O protesto A Pão e Água aconteceu na segunda-feira, 9 de novembro, na Praça dos Aliados, no Porto, mas Pedro Limão não marcou presença. Não é que o chef do norte discorde da iniciativa, que levou a que trabalhadores da restauração se juntassem para contestar as medidas (e falta de apoios) que tão fortemente têm prejudicado este setor — com especial destaque para os próximos dois fins de semana de Estado de Emergência, com dever de recolher obrigatório a partir das 13 horas. Bem pelo contrário. O chef do restaurante O Pedro Limão e do Metade e Meia, ambos de portas fechadas há três semanas, vê com muitos bons olhos o gesto público e unido de descontentamento geral.
Mas, neste momento, não se recusam trabalhos: "Estava em Faro a fazer um jantar com o restaurante a Venda, porque preciso de sobreviver", conta à MAGG. "Até comentei que não havia nada que me desse mais gozo do que marcar presença nessa manifestação."
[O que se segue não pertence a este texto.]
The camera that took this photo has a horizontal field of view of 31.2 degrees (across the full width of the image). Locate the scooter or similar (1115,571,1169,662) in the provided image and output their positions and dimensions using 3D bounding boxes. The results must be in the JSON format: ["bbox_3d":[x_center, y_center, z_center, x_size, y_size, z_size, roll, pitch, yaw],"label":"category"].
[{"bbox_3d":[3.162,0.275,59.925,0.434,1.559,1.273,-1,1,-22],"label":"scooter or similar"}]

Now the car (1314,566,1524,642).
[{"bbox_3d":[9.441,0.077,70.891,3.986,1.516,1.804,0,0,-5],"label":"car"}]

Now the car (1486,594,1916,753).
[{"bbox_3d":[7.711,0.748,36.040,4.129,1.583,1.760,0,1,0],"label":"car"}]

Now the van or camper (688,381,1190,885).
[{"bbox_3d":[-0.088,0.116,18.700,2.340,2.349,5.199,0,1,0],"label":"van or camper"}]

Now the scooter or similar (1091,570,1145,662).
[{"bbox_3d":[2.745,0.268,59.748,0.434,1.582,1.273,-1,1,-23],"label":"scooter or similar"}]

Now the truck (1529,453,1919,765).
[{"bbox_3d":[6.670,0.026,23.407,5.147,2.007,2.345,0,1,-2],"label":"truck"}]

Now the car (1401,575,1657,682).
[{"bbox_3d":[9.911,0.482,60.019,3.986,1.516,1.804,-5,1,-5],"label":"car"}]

Com 44 anos, natural de Viana do Castelo e com um percurso que começa como urbanista na Câmara Municipal da sua terra natal, atira-se de cabeça ao mundo da cozinha com 30 anos: entre 2012 e 2014, mantém a Oficina de Cozinha Pedro Limão nas Virtudes, em 2016 inaugura uma loja de comida nas Galerias Lumière, rumando depois ao Algarve, onde passa um ano a desenvolver o restaurante da unidade hoteleira Casa Mãe. De regresso ao Porto, abre em 2017 um restaurante de nome próprio que, em 2020, se muda para a porta ao lado. Mantendo o nome e conceito, viria a transformar-se num projeto com alojamento local integrado, que nunca aconteceu porque chegou a pandemia. Mais recentemente, em 2020, inaugura o Metade e Meia, um pequeno espaço em parceria com uma loja de moda sustentável Coração Alecrim.
"Um minuto de revolução por dia, nem sabe o bem que lhe fazia" é o mote que acaba de lançar na sua conta de Instagram, em que, ao longo de 60 segundos, deixa em cima da mesa ideias e pensamentos relacionados com a profunda crise que a COVID-19 potenciou na restauração — crise essa que terá trazido à luz do dia os problemas que já antes de existir uma pandemia minavam este setor.
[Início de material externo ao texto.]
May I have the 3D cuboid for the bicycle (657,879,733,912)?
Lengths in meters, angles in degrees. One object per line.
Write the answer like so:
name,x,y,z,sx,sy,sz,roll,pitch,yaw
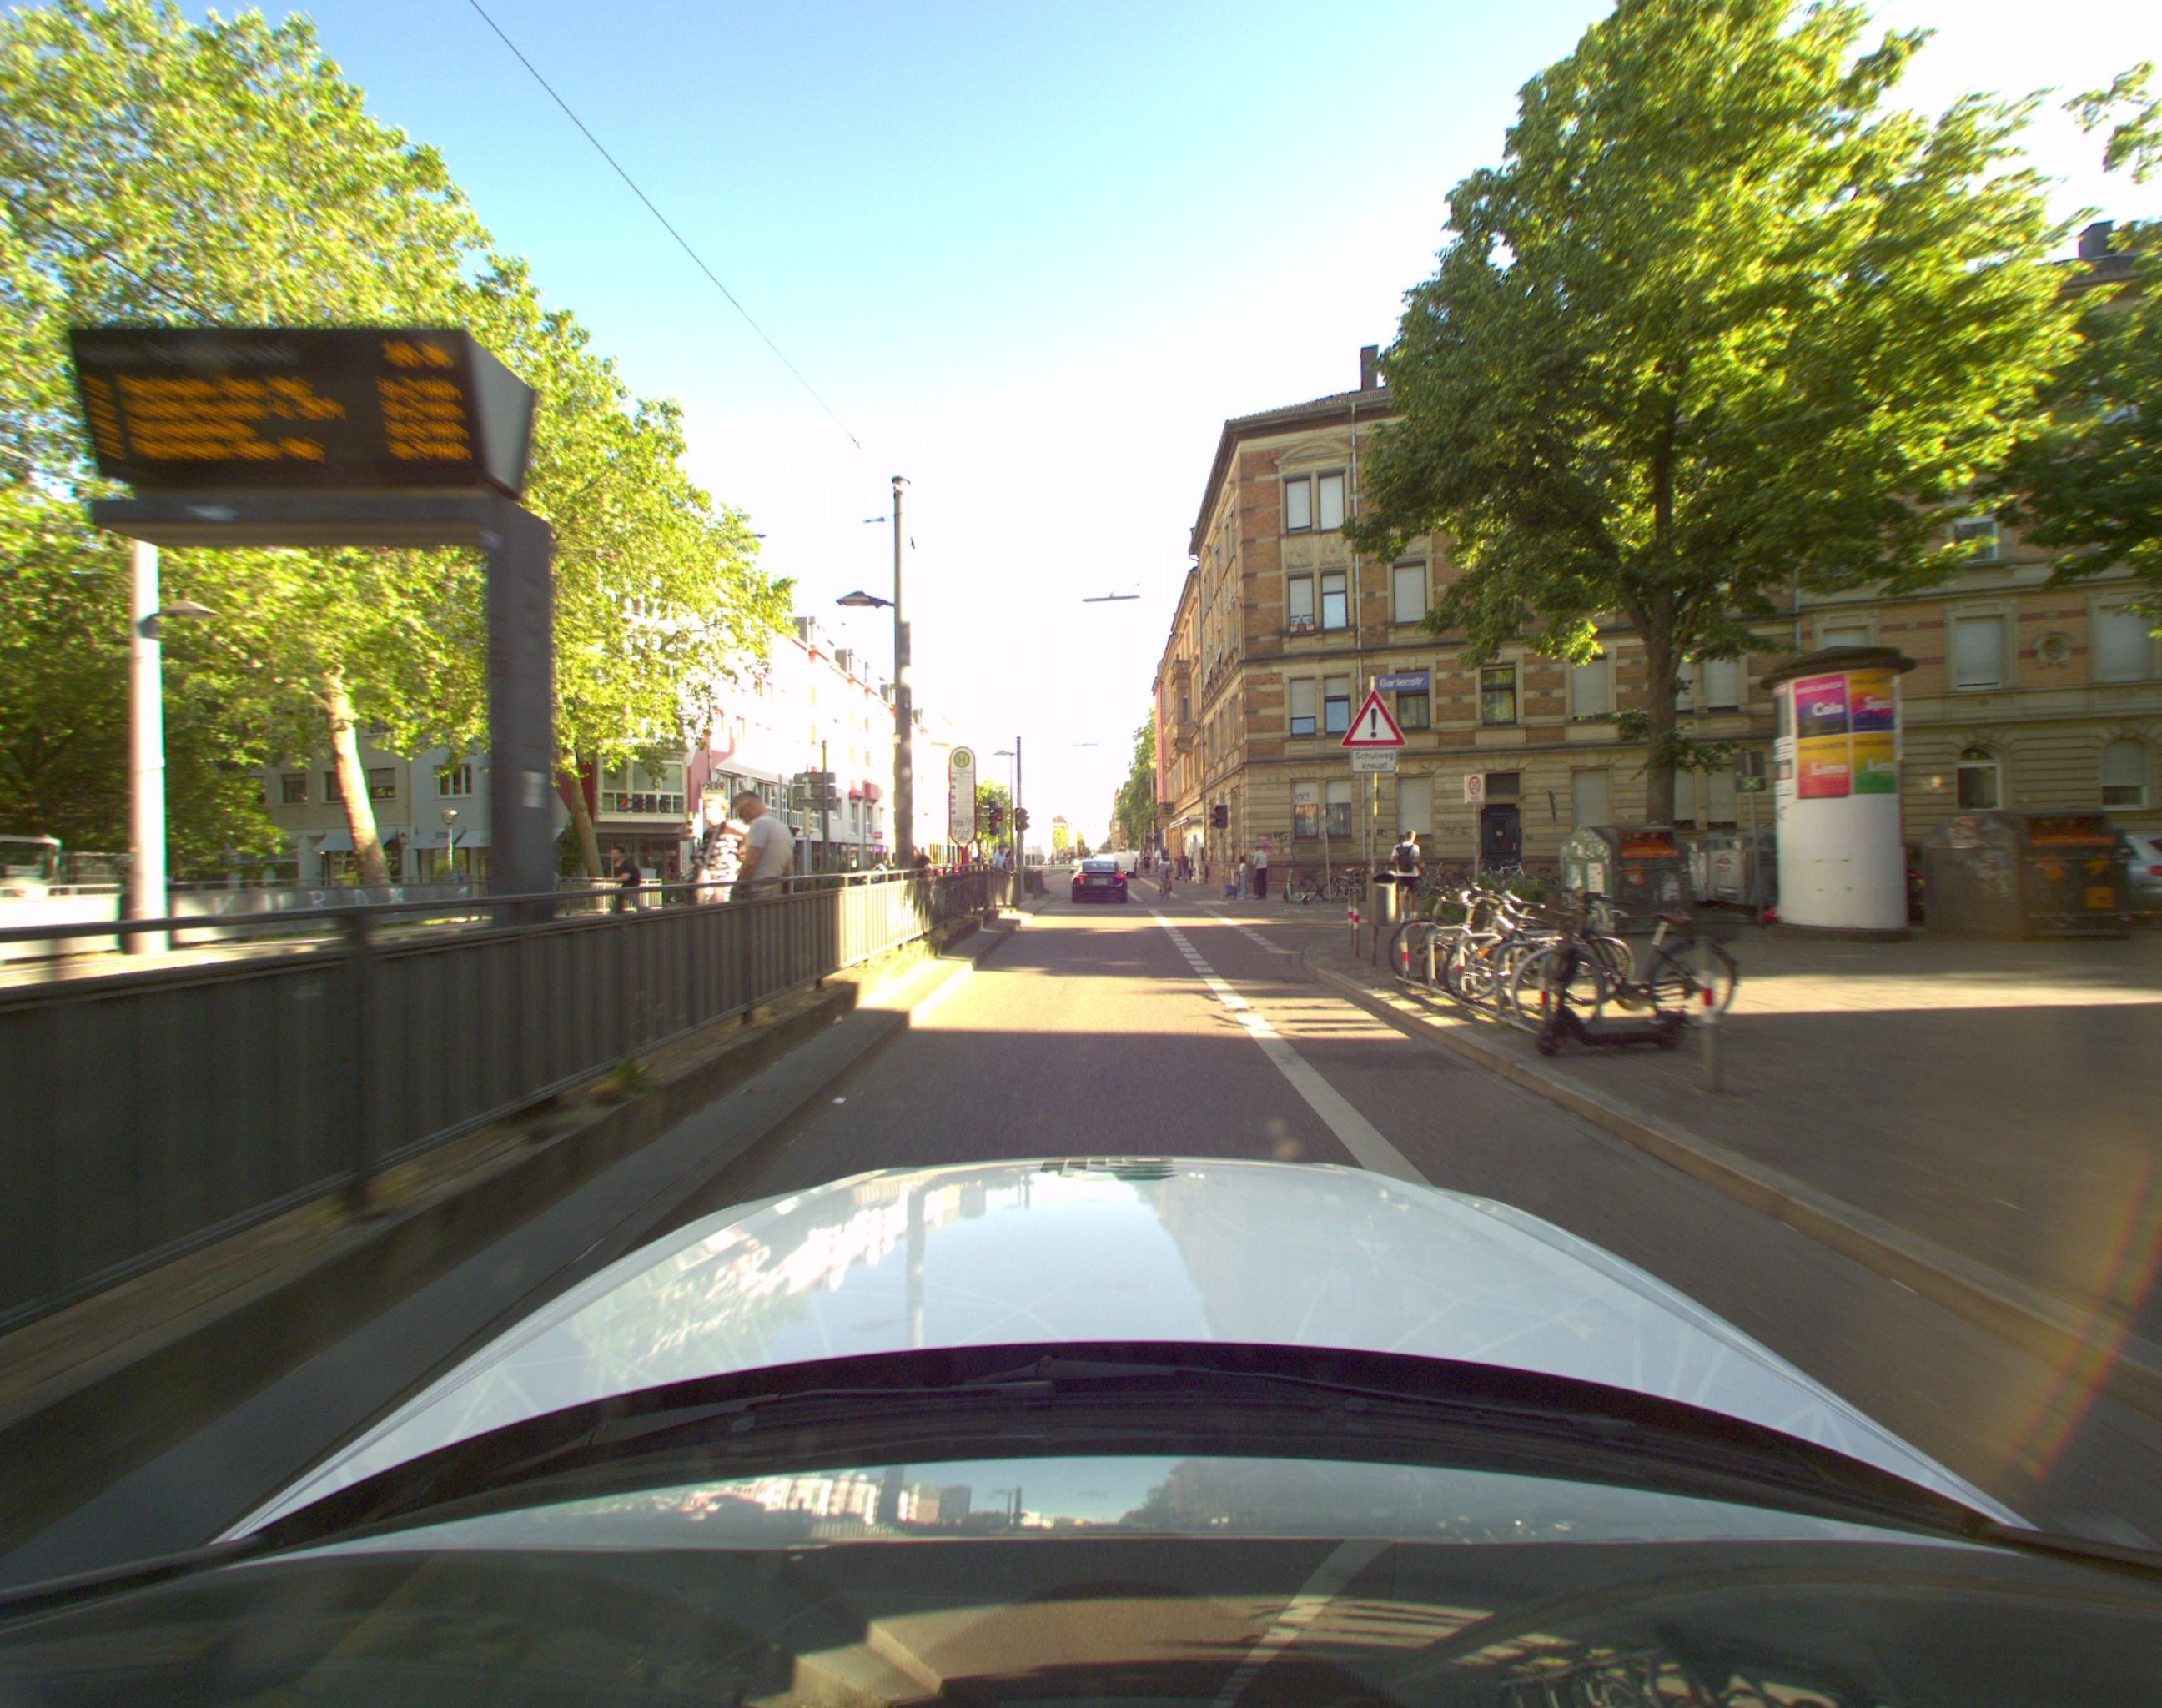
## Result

"A intenção é partilhar a minha experiência e falar sobre as coisas que estão mal. Essa intenção resulta de dois aspetos: de ter mais tempo, em consequência de ter sido obrigado a fechar a minha atividade, e porque acho que é preciso abanar as cabeças."
Foi um dos proprietários que optou por fechar as portas dos seus estabelecimentos, sob pena de ter de se ter de vergar às características típicas deste setor, contra as quais sempre quis combater: salários baixos, horários demasiado extensos, rotatividade frequente de equipa.
Pela altura em que fechou O Pedro Limão, escreveu: "Agradecemos do fundo do coração a todos que estiveram presentes e vamos parar sem ressentimentos e seguros de que fizemos o melhor trabalho possível. Por outro lado, vamos felizes, não engolimos um único sapo!"
Que sapos são esses? O chef explica: "Fizemos sempre as coisas com a convicção de que estávamos a fazer o melhor possível. Isso significa não praticarmos o mesmo tipo de trabalho que de forma geral se pratica. Com respeito por quem trabalha connosco, não nos vendemos a qualquer tipo de propaganda ou não temos medo de dizer o que achamos do assunto. E essa foi sempre a imagem de marca que acabou por passar de uma forma positiva para o cliente. Os sapos não engolidos foram esses."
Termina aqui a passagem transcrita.